'for everyone that dies, someone new is born' photo (c) 2011, Tim Snell - license:

Every Friday my syndicated column appears in a bunch of newspapers in southeastern Ontario and Saskatchewan. Here’s this week’s! It’s bad in Canada; but this situation is even worse in the United States, since university costs so much more there (no idea why).

As a card-carrying fuddy duddy, I can rattle off a multitude of reasons why our culture is going downhill. And chief among them is technology. We text at the dinner table instead of talking. We play video games and lose out on relationships. We find our community on Facebook rather than in real life.

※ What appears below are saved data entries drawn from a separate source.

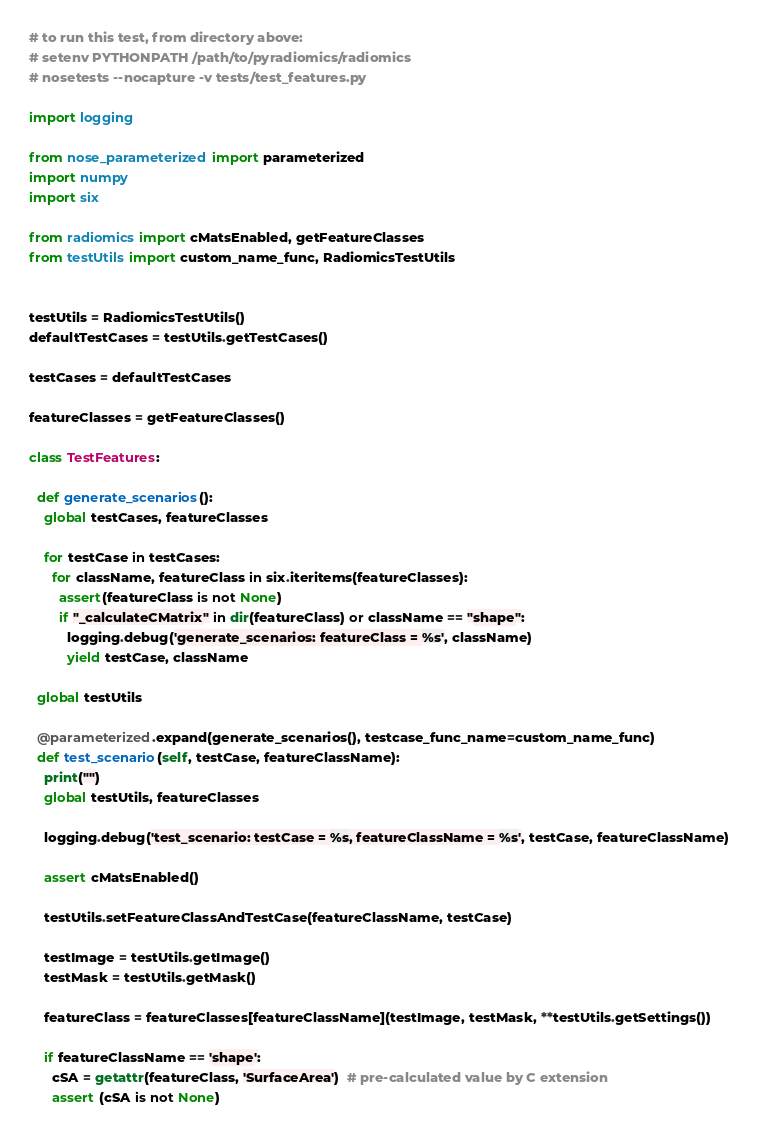<code> <loc_0><loc_0><loc_500><loc_500><_Python_># to run this test, from directory above:
# setenv PYTHONPATH /path/to/pyradiomics/radiomics
# nosetests --nocapture -v tests/test_features.py

import logging

from nose_parameterized import parameterized
import numpy
import six

from radiomics import cMatsEnabled, getFeatureClasses
from testUtils import custom_name_func, RadiomicsTestUtils


testUtils = RadiomicsTestUtils()
defaultTestCases = testUtils.getTestCases()

testCases = defaultTestCases

featureClasses = getFeatureClasses()

class TestFeatures:

  def generate_scenarios():
    global testCases, featureClasses

    for testCase in testCases:
      for className, featureClass in six.iteritems(featureClasses):
        assert(featureClass is not None)
        if "_calculateCMatrix" in dir(featureClass) or className == "shape":
          logging.debug('generate_scenarios: featureClass = %s', className)
          yield testCase, className

  global testUtils

  @parameterized.expand(generate_scenarios(), testcase_func_name=custom_name_func)
  def test_scenario(self, testCase, featureClassName):
    print("")
    global testUtils, featureClasses

    logging.debug('test_scenario: testCase = %s, featureClassName = %s', testCase, featureClassName)

    assert cMatsEnabled()

    testUtils.setFeatureClassAndTestCase(featureClassName, testCase)

    testImage = testUtils.getImage()
    testMask = testUtils.getMask()

    featureClass = featureClasses[featureClassName](testImage, testMask, **testUtils.getSettings())

    if featureClassName == 'shape':
      cSA = getattr(featureClass, 'SurfaceArea')  # pre-calculated value by C extension
      assert (cSA is not None)
</code>

And yet as much as I bemoan the downsides of technology, I’m a tech fan and a tech addict myself.

When my grandfather was 67 he had a massive stroke that paralyzed his left side. For the next twenty-five years my mother and my aunts were constantly trying to drum up things this once active man could do to amuse himself as he sat in his nursing home. And one thing Grandpa loved to do was read.

Unfortunately, holding a book and turning a page when you only have one hand is awfully difficult. And reading is also difficult when you have major glaucoma. To make matters worse, large print books are extremely bulky, thus compounding that hard-to-turn-the-page problem.

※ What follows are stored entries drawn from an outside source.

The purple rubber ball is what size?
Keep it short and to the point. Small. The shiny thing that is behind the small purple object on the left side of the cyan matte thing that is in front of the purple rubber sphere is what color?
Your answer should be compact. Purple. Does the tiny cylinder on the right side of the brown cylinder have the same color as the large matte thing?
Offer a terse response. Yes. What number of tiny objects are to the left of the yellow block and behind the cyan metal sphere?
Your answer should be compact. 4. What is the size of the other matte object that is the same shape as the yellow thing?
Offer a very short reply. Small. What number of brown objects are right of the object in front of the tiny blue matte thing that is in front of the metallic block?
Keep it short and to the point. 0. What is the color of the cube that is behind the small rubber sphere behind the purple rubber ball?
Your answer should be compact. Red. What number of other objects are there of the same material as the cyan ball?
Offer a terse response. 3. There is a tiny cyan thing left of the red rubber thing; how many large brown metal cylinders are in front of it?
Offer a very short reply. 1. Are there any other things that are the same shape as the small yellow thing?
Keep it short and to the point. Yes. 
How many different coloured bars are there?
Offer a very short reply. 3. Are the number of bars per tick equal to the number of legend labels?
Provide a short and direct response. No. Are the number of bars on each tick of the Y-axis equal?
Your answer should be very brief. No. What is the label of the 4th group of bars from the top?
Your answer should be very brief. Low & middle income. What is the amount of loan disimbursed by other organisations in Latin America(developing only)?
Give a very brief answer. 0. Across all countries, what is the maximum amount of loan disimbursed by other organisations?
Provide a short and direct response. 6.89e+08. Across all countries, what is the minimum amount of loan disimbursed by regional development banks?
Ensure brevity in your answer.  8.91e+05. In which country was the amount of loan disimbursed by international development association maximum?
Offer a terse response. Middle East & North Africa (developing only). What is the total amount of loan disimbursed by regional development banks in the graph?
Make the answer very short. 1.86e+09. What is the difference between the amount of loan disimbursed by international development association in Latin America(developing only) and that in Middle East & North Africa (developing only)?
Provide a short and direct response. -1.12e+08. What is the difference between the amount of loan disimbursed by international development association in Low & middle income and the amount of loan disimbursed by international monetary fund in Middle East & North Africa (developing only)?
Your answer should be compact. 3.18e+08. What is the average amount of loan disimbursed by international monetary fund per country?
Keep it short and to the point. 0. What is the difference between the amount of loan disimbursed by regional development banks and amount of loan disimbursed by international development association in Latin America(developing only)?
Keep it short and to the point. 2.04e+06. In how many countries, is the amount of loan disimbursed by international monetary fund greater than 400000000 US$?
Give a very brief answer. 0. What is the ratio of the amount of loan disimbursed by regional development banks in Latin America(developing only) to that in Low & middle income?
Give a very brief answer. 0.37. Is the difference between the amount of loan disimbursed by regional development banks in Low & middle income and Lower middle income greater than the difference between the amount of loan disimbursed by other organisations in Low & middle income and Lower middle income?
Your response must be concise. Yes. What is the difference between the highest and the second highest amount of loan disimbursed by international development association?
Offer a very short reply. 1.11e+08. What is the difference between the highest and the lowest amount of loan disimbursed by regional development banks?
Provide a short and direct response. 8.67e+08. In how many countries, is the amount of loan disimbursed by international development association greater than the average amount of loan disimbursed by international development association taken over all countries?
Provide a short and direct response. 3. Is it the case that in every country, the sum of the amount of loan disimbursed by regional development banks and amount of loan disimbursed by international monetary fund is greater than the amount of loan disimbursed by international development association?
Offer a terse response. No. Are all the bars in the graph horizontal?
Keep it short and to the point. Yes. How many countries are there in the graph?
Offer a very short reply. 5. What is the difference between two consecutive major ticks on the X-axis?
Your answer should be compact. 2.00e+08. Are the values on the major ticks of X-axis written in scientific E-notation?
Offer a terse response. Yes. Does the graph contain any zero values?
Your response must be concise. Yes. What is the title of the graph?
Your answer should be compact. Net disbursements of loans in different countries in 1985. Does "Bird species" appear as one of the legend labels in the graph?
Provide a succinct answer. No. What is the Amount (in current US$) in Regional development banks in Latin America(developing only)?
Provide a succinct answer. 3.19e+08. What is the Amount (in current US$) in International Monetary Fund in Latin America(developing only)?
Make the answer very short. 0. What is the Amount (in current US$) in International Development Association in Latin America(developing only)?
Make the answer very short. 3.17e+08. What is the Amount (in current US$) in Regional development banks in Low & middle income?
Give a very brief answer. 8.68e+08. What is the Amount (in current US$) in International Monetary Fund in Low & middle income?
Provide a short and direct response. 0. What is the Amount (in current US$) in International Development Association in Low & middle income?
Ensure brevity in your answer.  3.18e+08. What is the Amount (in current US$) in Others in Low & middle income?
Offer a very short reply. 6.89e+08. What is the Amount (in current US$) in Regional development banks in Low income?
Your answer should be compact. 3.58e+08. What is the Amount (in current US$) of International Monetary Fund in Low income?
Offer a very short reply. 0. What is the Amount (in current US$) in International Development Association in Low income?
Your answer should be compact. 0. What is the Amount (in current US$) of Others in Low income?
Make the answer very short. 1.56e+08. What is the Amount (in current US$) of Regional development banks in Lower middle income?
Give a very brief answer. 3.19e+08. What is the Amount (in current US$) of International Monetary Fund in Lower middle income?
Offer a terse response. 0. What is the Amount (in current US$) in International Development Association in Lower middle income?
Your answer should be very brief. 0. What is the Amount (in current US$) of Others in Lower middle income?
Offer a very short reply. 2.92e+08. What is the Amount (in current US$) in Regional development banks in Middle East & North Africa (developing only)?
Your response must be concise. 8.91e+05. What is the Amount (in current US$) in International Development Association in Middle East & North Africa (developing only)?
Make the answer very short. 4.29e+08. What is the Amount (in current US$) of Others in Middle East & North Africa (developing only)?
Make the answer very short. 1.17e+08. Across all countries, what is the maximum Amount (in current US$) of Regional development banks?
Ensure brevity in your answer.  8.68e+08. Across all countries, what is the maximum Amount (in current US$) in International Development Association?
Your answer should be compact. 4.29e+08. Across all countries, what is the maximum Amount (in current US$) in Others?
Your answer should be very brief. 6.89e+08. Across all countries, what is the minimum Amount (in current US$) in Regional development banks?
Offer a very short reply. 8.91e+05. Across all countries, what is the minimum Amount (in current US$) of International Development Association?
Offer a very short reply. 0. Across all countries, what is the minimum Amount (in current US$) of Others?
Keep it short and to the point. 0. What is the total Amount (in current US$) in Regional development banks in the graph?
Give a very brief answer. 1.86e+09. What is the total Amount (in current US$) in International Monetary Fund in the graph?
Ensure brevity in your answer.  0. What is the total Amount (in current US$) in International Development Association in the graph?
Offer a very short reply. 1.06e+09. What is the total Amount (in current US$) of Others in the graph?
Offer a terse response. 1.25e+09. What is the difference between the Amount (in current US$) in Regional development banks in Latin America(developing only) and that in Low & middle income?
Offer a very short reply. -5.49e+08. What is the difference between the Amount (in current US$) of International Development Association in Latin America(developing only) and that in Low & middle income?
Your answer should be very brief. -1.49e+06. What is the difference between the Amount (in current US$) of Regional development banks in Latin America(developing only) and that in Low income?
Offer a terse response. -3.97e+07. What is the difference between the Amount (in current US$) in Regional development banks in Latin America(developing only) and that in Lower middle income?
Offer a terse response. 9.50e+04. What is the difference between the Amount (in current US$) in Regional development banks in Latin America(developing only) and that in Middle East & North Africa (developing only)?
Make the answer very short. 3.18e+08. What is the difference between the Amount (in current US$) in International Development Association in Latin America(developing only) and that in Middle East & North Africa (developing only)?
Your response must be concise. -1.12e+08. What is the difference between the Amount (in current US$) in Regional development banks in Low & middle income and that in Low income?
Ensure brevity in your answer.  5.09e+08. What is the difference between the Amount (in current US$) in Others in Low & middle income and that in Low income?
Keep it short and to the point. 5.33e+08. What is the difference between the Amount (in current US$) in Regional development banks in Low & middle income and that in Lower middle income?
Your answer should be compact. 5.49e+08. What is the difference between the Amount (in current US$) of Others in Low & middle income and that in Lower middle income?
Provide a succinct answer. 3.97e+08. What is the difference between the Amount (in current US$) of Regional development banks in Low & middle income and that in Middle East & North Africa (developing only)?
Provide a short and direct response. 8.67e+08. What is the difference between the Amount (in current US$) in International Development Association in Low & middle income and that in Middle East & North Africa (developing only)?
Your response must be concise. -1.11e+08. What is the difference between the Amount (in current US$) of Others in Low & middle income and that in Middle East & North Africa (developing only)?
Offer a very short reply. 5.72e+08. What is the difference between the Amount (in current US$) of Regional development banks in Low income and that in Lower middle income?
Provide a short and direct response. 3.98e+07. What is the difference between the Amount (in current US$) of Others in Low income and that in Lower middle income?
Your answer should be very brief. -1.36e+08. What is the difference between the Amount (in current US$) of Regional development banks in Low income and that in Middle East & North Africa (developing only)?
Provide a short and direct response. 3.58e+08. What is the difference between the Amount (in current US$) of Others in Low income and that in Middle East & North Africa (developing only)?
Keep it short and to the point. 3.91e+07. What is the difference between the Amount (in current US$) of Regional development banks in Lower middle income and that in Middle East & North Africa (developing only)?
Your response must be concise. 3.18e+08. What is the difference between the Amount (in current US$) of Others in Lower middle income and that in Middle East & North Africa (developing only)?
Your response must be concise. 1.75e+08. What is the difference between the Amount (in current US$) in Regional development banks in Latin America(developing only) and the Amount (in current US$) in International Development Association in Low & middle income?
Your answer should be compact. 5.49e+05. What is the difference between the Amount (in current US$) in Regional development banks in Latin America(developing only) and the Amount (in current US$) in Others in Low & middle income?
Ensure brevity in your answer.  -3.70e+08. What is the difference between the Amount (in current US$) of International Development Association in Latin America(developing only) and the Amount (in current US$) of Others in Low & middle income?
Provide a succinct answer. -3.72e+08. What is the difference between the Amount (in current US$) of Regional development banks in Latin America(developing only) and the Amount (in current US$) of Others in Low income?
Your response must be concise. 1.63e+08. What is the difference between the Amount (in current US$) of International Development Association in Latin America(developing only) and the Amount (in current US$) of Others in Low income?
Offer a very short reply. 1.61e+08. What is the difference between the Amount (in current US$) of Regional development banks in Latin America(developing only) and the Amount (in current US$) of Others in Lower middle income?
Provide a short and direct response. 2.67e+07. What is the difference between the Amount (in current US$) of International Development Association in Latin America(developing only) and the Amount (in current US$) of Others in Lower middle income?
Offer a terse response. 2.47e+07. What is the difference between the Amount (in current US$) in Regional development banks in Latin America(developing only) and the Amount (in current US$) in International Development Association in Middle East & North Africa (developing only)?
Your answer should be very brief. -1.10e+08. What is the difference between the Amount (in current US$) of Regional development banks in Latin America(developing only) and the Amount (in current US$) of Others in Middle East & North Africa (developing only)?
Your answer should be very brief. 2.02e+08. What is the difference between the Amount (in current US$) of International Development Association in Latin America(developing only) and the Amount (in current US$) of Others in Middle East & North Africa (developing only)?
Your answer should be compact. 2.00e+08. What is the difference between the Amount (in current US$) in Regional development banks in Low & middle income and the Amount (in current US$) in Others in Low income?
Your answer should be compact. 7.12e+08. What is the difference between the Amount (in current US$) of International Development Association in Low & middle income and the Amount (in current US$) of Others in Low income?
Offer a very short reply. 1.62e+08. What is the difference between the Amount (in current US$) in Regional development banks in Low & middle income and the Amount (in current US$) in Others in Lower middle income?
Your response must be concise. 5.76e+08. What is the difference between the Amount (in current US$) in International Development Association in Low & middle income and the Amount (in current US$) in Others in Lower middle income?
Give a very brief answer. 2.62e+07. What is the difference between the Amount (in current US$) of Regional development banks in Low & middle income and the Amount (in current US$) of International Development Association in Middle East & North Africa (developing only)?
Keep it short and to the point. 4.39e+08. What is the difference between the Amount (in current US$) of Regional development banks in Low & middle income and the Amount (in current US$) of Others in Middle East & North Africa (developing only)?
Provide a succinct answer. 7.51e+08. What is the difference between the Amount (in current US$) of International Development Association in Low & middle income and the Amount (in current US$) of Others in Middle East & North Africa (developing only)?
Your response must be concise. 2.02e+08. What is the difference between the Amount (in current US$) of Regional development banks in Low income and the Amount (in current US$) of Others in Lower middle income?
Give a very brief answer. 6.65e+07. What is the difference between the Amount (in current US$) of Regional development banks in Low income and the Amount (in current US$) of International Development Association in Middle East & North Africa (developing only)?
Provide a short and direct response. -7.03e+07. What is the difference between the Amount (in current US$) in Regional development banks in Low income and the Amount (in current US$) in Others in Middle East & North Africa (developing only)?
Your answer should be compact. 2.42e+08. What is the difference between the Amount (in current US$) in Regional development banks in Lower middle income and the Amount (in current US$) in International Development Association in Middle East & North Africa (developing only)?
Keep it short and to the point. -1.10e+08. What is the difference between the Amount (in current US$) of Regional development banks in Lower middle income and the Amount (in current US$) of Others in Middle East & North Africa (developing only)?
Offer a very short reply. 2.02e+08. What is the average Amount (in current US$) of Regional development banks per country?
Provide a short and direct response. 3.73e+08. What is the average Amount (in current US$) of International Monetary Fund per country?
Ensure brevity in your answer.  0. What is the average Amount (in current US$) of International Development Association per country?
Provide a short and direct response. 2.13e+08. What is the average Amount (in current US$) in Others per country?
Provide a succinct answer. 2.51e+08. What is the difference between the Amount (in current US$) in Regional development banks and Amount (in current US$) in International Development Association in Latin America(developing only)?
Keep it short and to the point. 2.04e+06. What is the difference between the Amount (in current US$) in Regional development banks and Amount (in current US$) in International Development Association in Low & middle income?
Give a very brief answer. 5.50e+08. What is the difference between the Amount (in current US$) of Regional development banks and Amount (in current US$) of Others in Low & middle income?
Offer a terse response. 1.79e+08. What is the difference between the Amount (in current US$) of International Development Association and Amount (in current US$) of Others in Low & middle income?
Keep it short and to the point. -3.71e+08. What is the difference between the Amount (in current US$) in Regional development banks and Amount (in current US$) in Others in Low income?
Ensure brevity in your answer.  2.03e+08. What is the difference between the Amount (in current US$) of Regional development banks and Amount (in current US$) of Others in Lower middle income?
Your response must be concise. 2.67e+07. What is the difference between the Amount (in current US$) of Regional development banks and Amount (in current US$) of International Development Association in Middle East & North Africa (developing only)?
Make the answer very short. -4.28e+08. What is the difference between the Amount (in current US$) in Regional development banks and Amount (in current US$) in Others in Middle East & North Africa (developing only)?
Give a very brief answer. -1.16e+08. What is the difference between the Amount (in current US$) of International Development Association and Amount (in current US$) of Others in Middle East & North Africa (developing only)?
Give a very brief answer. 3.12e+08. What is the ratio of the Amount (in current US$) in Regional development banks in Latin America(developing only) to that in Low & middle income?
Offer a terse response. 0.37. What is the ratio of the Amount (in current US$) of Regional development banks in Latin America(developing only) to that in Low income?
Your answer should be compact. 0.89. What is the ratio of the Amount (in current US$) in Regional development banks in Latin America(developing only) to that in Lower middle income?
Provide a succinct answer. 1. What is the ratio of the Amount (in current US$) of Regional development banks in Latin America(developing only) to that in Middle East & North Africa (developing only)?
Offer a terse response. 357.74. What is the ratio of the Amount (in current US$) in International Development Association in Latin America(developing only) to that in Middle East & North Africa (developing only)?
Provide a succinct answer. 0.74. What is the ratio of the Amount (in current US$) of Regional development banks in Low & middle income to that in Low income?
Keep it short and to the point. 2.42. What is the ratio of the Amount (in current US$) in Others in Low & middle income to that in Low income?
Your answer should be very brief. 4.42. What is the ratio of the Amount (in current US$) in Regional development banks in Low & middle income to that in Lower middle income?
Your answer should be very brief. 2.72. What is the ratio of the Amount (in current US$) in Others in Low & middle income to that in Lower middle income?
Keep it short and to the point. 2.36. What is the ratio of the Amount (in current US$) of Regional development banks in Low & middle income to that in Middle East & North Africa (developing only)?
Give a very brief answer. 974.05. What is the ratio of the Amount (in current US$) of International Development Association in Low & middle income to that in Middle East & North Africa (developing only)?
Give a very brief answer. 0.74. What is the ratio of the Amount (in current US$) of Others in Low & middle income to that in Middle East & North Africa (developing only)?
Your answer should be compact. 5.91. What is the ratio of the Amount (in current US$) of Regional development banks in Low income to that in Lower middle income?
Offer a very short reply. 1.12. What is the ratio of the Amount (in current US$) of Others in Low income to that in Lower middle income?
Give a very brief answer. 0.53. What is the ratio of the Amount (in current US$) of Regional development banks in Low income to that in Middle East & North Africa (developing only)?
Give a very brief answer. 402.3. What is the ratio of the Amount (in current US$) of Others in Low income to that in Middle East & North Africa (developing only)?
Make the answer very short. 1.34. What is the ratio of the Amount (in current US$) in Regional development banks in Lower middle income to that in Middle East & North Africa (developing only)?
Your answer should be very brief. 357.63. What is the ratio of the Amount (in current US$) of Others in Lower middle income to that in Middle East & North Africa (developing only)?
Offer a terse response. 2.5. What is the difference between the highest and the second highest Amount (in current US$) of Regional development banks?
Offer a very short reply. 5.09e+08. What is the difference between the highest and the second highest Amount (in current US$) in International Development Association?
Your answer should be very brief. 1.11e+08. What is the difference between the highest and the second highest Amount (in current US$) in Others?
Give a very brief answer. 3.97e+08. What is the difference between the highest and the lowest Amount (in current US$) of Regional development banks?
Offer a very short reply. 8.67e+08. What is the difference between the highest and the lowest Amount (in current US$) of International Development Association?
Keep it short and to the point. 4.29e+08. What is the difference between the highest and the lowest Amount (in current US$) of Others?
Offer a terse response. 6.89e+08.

He died about a decade ago now, so he did not live long enough to see the absolute miracle that Steve Jobs created in the iPad. Certainly it’s wonderful for keeping toddlers entertained in doctor’s offices, or for looking at pictures or browsing the internet. But when I think of what joy he could have gotten out of it by allowing him to read easily, I tear up. Turn the page by swishing across that screen. Make the print bigger automatically by moving your fingers. It would have enhanced his quality of life so substantially.

Do you know what else has the capacity to enhance grandparents’ quality of life? Skype. Even if you live across the country, you can watch grandkids grow. You can even read bedtime stories! I met one set of grandparents who were “baby-sitting” remotely. Their grandkids were 10 and 12 and could be home alone, but their dad was deployed and their mom worked long hours. So the grandparents would talk to the kids before they went to school, helping them with last minute homework and telling them what to pack for lunch. And they’d check in as soon as they got home, debriefing on their day. It made mom feel more secure, too.

Skype helps our armed forces personnel stay connected to those they’ve left behind at home, too. My girls even find that they’re able to keep close with friends from other cities because of Skype calls. When I was a teen and I met a friend at camp, or at a conference, I may have bonded with them, but the relationship was very short-lived. Phone calls were too expensive and letters were a pain. But today, the majority of my kids’ Facebook and Skype connections don’t even live near here.

One of Facebook’s biggest benefits to me is keeping up with friends and family who have moved away. Indeed, I often feel closer to more distant relatives I’ve “friended” on Facebook than I do to closer relatives who aren’t on the network. With Facebook I can easily keep up with their news, see pictures of their kids growing, and hear about their joys and sorrows and even quirky senses of humour.

Back in the 1980s, Bell began an advertising campaign calling on people to “reach out and touch someone” through phone calls. Today we really can, and it’s all through the internet. Yes, we need to guard against technology encroaching on our real life, but technology itself is not the enemy. And I, personally, would not turn back the clock to the days of rotary dial party lines and bulky, large-print books for anything.